Die weltweit steigenden Nahrungsmittelpreise verschärfen nach Einschätzung des Internationalen Währungsfonds die Gefahr von Hungerkrisen in vielen Entwicklungsländern. "Hunderttausende Menschen werden darben und Kinder werden ihr Leben lang unter Mangelernährung leiden", sagte IWF-Direktor Dominique Strauss-Kahn beim Frühjahrstreffen der Weltfinanzorganisationen in Washington.

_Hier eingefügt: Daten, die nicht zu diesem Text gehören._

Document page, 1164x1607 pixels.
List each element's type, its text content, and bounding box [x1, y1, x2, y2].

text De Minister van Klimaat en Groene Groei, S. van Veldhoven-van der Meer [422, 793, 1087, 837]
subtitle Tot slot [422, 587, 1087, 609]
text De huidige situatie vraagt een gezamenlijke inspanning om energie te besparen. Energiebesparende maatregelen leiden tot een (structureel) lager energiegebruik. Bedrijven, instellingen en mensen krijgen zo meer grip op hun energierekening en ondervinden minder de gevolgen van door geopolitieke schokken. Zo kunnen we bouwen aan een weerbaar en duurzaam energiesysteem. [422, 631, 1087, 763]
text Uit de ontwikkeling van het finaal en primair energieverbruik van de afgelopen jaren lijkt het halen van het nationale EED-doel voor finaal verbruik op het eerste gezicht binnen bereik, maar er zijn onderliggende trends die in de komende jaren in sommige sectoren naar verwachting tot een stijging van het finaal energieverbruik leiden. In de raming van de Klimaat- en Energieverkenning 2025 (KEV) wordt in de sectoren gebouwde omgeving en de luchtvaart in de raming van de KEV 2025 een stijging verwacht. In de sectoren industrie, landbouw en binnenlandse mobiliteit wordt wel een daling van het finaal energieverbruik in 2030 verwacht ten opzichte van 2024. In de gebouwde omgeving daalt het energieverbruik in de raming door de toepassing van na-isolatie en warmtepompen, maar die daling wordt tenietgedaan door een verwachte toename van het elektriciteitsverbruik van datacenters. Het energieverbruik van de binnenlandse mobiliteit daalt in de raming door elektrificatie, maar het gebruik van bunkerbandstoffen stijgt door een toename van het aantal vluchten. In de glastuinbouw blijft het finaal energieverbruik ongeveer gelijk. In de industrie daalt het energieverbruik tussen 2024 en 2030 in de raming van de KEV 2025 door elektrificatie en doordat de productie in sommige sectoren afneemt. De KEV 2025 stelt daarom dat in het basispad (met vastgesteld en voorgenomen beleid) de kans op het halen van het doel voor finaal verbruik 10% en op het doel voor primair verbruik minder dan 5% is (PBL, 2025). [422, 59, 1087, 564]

Die deutsche Entwicklungshilfeministerin Heidemarie Wieczorek-Zeul rief in Washington zu einer Regulierung des weltweiten Marktes für Biokraftstoffe auf, damit deren Produktion die Nahrungsmittelpreise nicht weiter hochtreibe. "Es ist nicht zu akzeptieren, wenn der Export von Agrokraftstoffen die Versorgungslage gerade derjenigen Menschen bedroht, die ohnehin schon in Armut leben", erklärte Wieczorek-Zeul, die in Washington an den Beratungen der Weltbank teilnimmt. Die Welt brauche neue Regeln, um die Bewältigung des Klimawandels, eine sichere Versorgung mit Nahrungsmittel und soziale Entwicklung in Einklang zu bringen.

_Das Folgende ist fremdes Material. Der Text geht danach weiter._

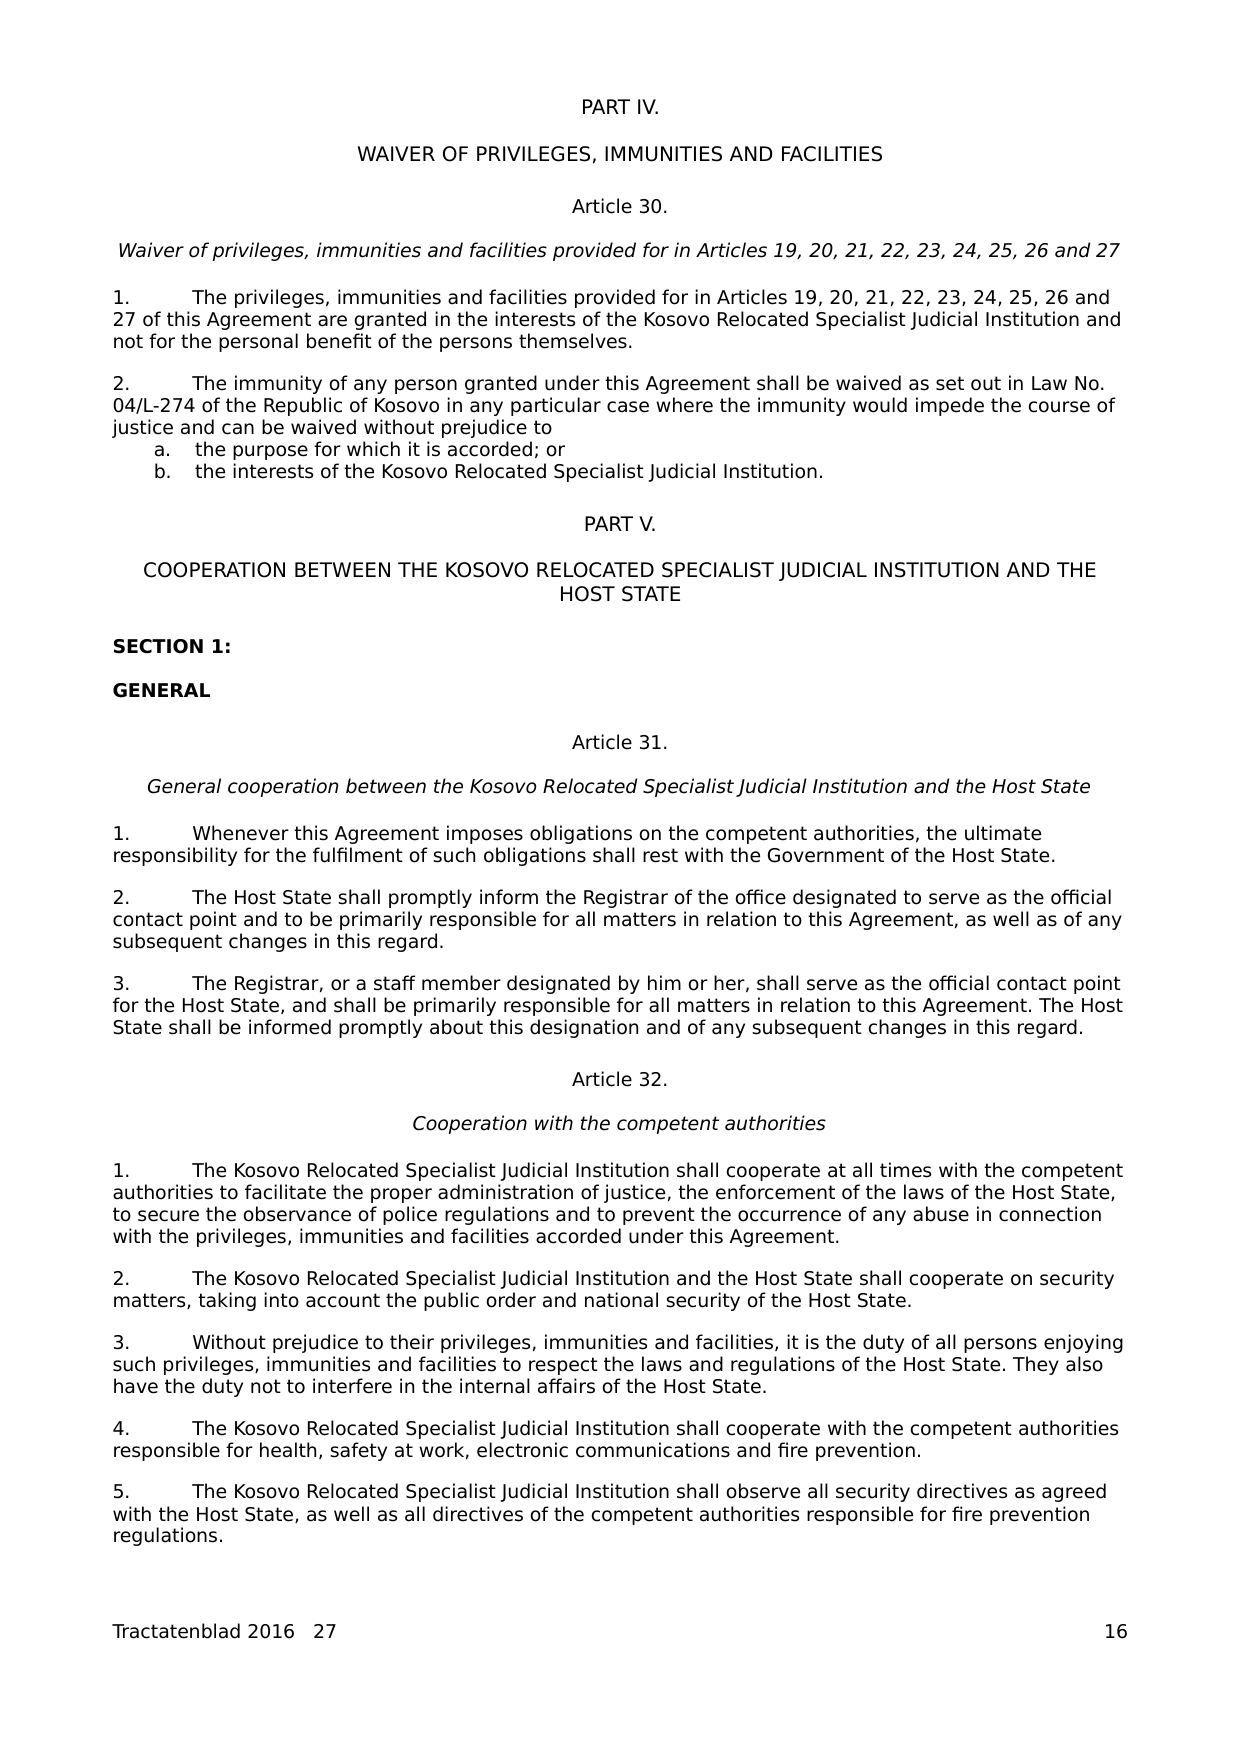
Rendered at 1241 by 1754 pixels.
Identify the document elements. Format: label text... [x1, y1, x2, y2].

Scharfer Anstieg der Nahrungsmittelpreise
Der Interimsausschuss des Internationalen Währungsfonds (IWF) wies in einer Abschlusserklärung seiner Beratungen darauf hin, "dass eine Vielzahl von Entwicklungsländern, besonders die mit niedrigem Einkommen, mit einem scharfen Anstieg der Nahrungsmittel- und Energiepreise konfrontiert sind". Das Gremium rief den IWF zu einer engen Zusammenarbeit mit der Weltbank und anderen Organisationen auf, die Entwicklungsländer mit Krediten unterstützen.

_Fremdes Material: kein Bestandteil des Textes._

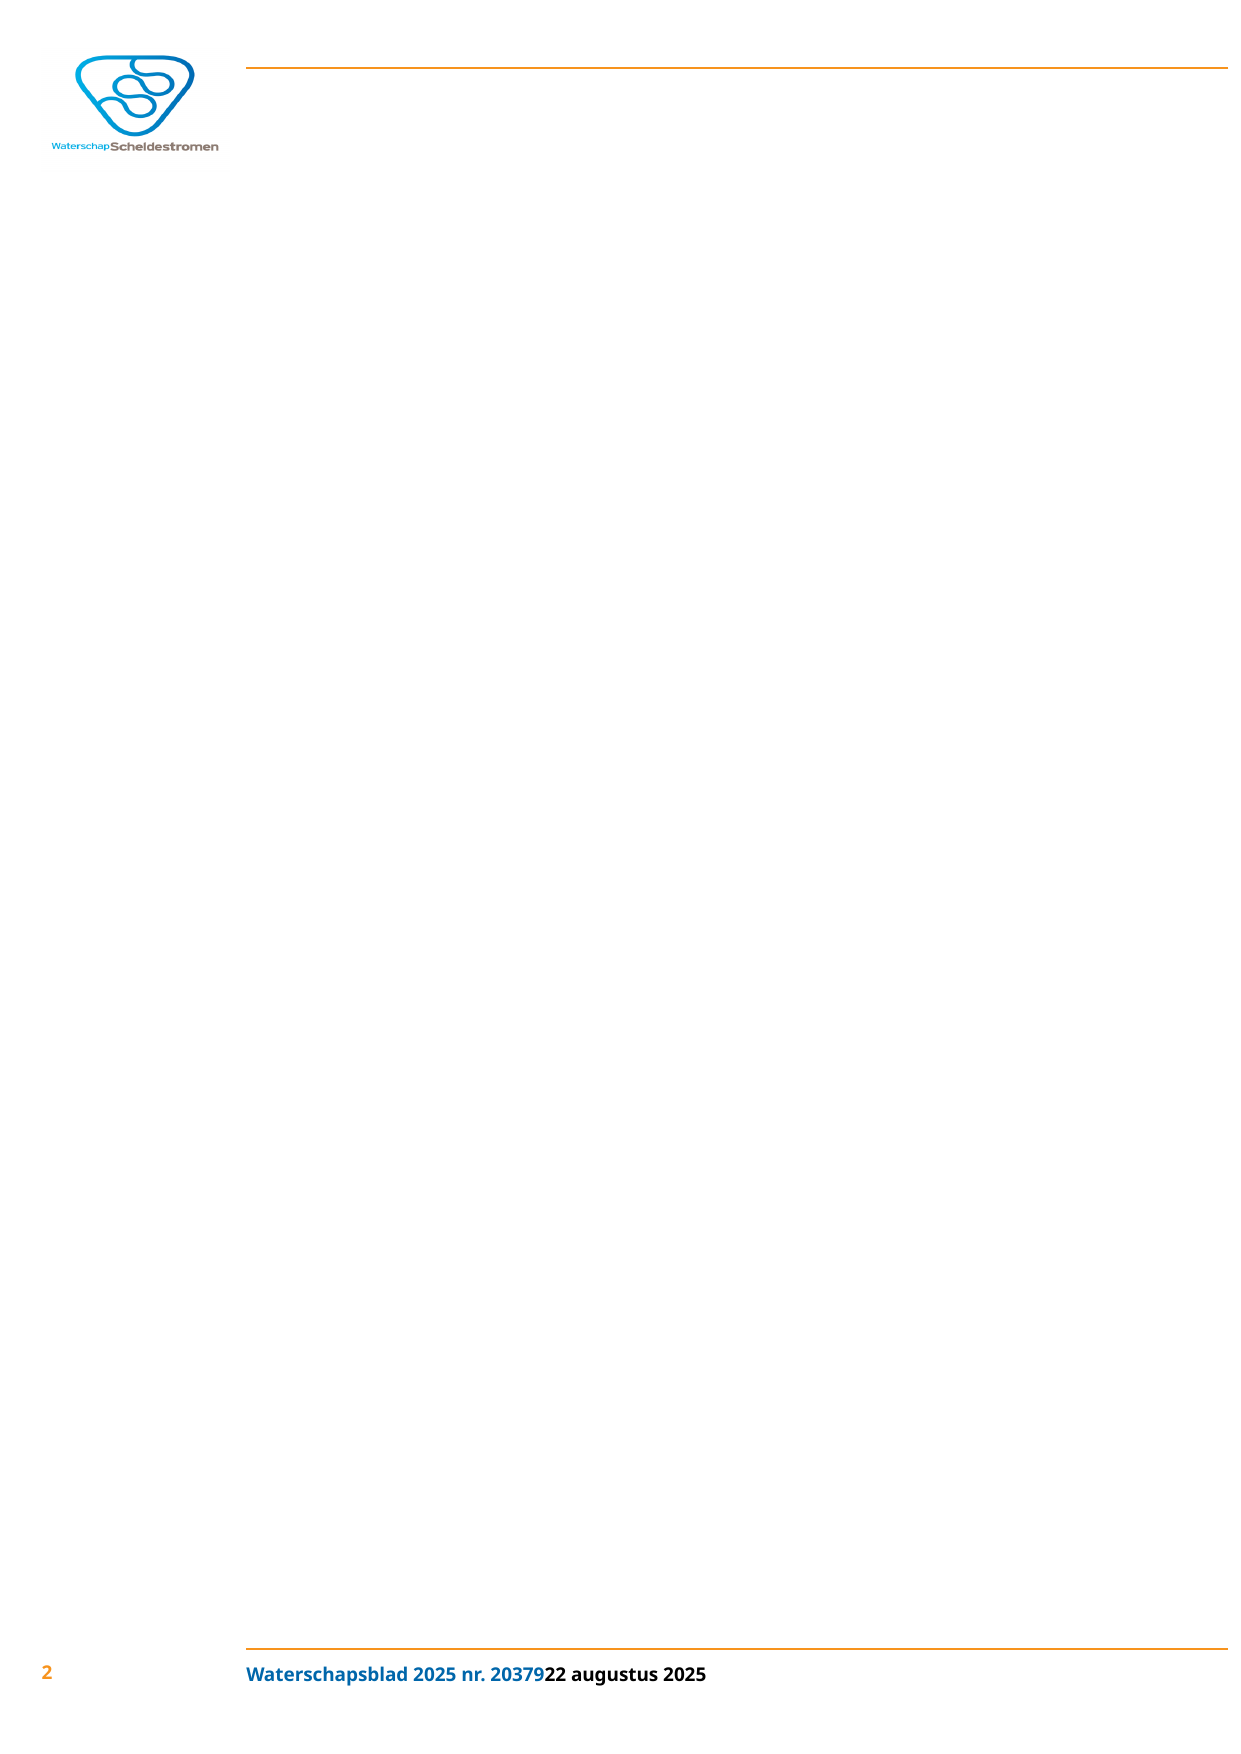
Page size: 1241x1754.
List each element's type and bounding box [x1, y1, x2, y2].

picture [41, 47, 231, 172]

Unterdessen dauern die gewaltsamen Proteste gegen steigende Nahrungsmittelpreise in Haiti weiter an. In der Hauptstadt Port-au-Prince wurde am Samstag ein nigerianischer Polizist der Vereinten Nationen erschossen, der Lebensmittel zu seiner Einheit bringen wollte. Andere UN-Polizisten setzten Tränengas ein und trieben die Menge mit Warnschüssen davon, um den Toten zu bergen. Der Zwischenfall ereignete sich auf einem Kleidermarkt in der Nähe der Kathedrale von Port-au-Prince. Die aufgebrachte Menge setzte mehrere Marktstände in Brand.
Fünf Tote bei Hungerunruhen
Wegen der angespannten Lage beschloss das haitianische Parlament am Samstag, Ministerpräsident Jacques Edouard Alexis zu entlassen. Präsident Réne Préval kündigte an, möglichst schnell einen Nachfolger zu berufen. Der Präsident stellte außerdem einen Plan vor, um die Preise für Reis zu senken. Er werde internationale Finanzhilfen dazu verwenden, den Reispreis zu subventionieren, sagte Préval. Bei den Hungerunruhen kamen in der vergangenen Woche fünf Menschen ums Leben. Seit Mitte vergangenen Jahres sind die Nahrungsmittelpreise weltweit um etwa 40 Prozent gestiegen. Haiti deckt nahezu den gesamten Nahrungsmittelbedarf auf dem Weltmarkt und ist deswegen besonders betroffen.